Screen Shot 2014-03-22 at 9.11.40 PM

Table 1: Original HDF5 file size, time to extract both .fasta and .quiva files, and the sizes of these in absolute terms and as a percentage of the original file.

The extraction time is roughly proportional to the size of the input file, but note that the system time (noted in parentheses in the second data column) dropped precipitously for the small input of SMRT 4.  We would guess that this is because the individual .bax.h5 files are smaller than 2Gb each for said SMRT, and greater than that for the others, and that there is some crossover in system file performance at this threshold.  On average the .fasta file is about 4.5% of the original file and the .quiva file is about 22% for a total of 26.5% (3.8X less space).  The relative sizes of the files is also shown graphically in Chart 1.

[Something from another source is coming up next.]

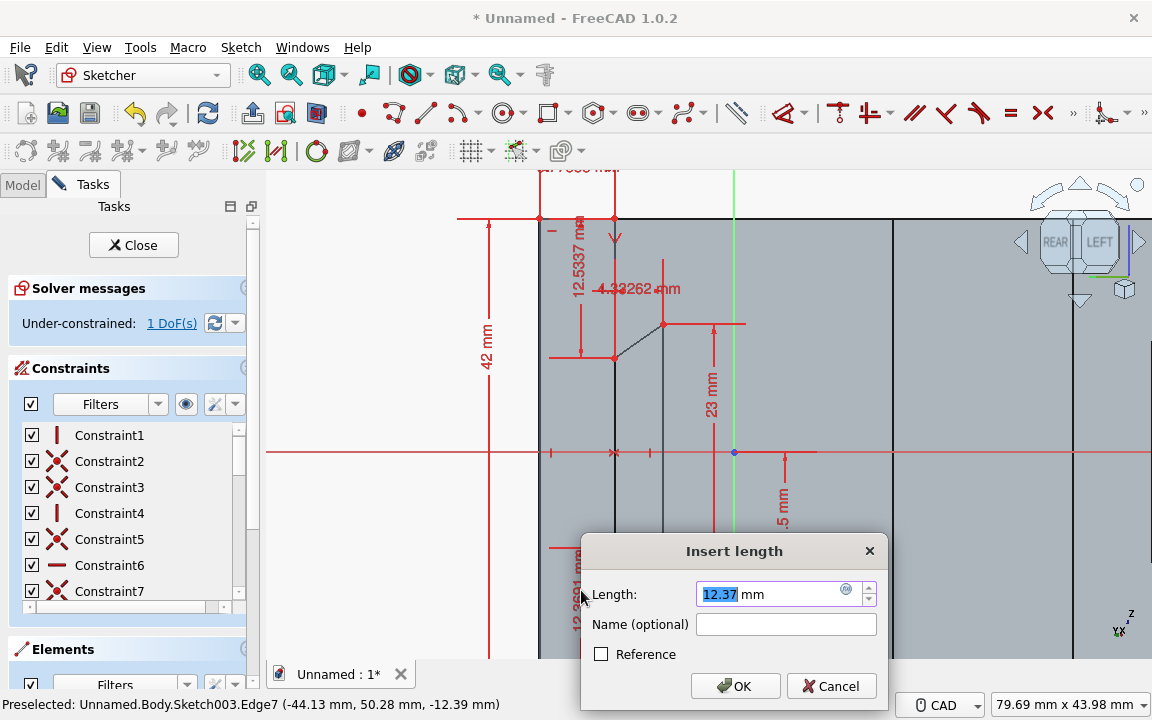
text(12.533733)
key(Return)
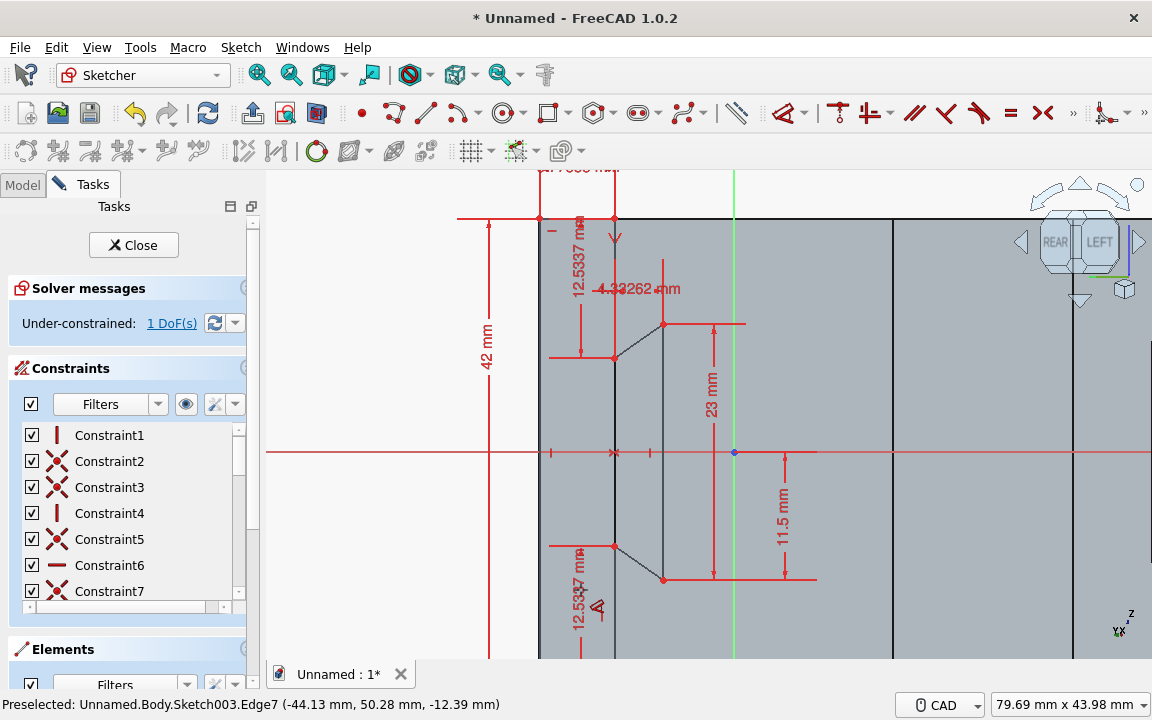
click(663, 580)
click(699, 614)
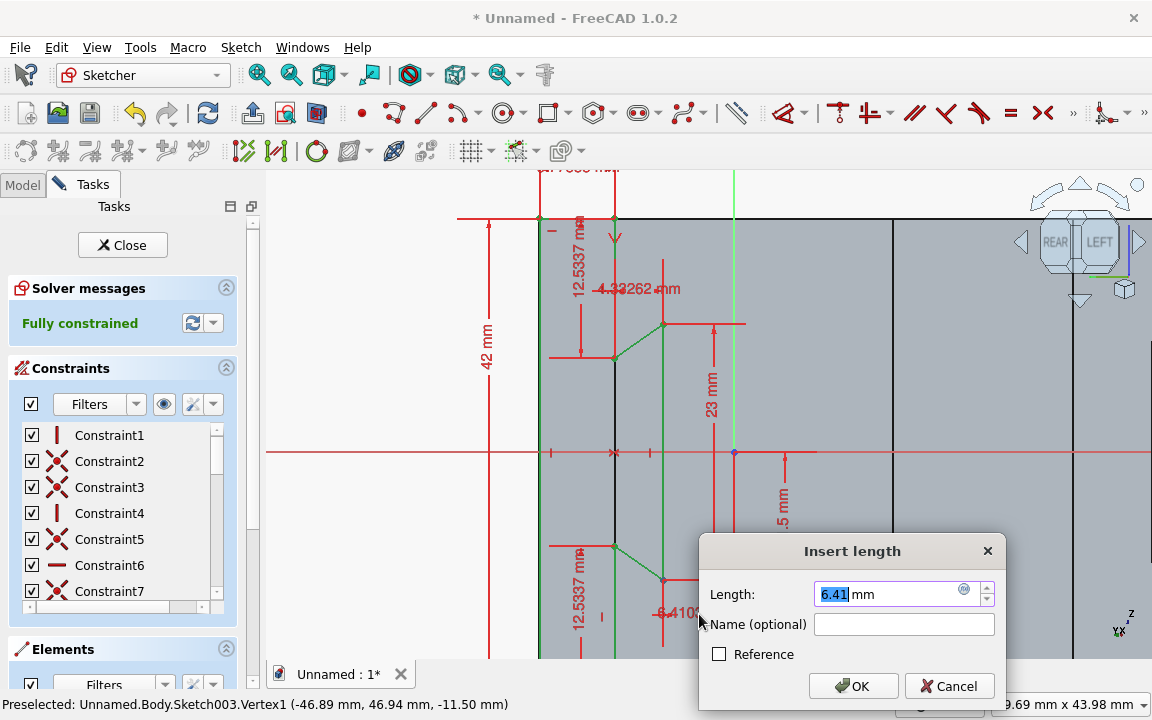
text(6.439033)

Screen Shot 2014-03-23 at 8.50.56 AM

Chart 1: Bar chart of the sizes of the .bax.h5, .quiva, and .fasta files for each of the 4 SMRT cells

Compression and decompression times between .fasta files and their losslessly compressed .dexta counterparts was very fast at roughly 1 or 2 seconds in each direction, with decompression times being about 1.32 times slower than compression times.  Each base is packed into 2-bits giving a very consistent compression factor of 4 (25% of the uncompressed size).

Screen Shot 2014-03-23 at 8.47.04 AM

Table 2: Compression sizes and compression/decompression times for both .fasta and .quiva files.

The compression of .quiva files involves computing Huffman and run-length statistics on a file-by-file basis and so takes considerably longer with again compression averaging 1.07 times faster than decompression.  The compression ratio can vary a bit more but was quite consistent at 29% plus or minus 1% (3.45X).  The Pacbio engineers have released different versions of the base caller and it may well be that for data sets produced with older versions of this software the compression ratio is different (it was not tested here). The relative sizes of the compressed files is shown graphically in Chart 2.

Screen Shot 2014-03-23 at 8.51.09 AM

Chart 2: Bar chart of the sizes of the .quiva and .fasta files and their compressed counterparts, .dexqv and .dexta, for each of the 4 SMRT cells

In summary, extracting just the necessary data from the HDF5 files provided by the manufacturer saves one a factor of almost 4 in storage.  Compressing this data then provides another factor of 3.5 or so, and decompressing the data is quite fast, indeed, very fast for the primary .fasta data.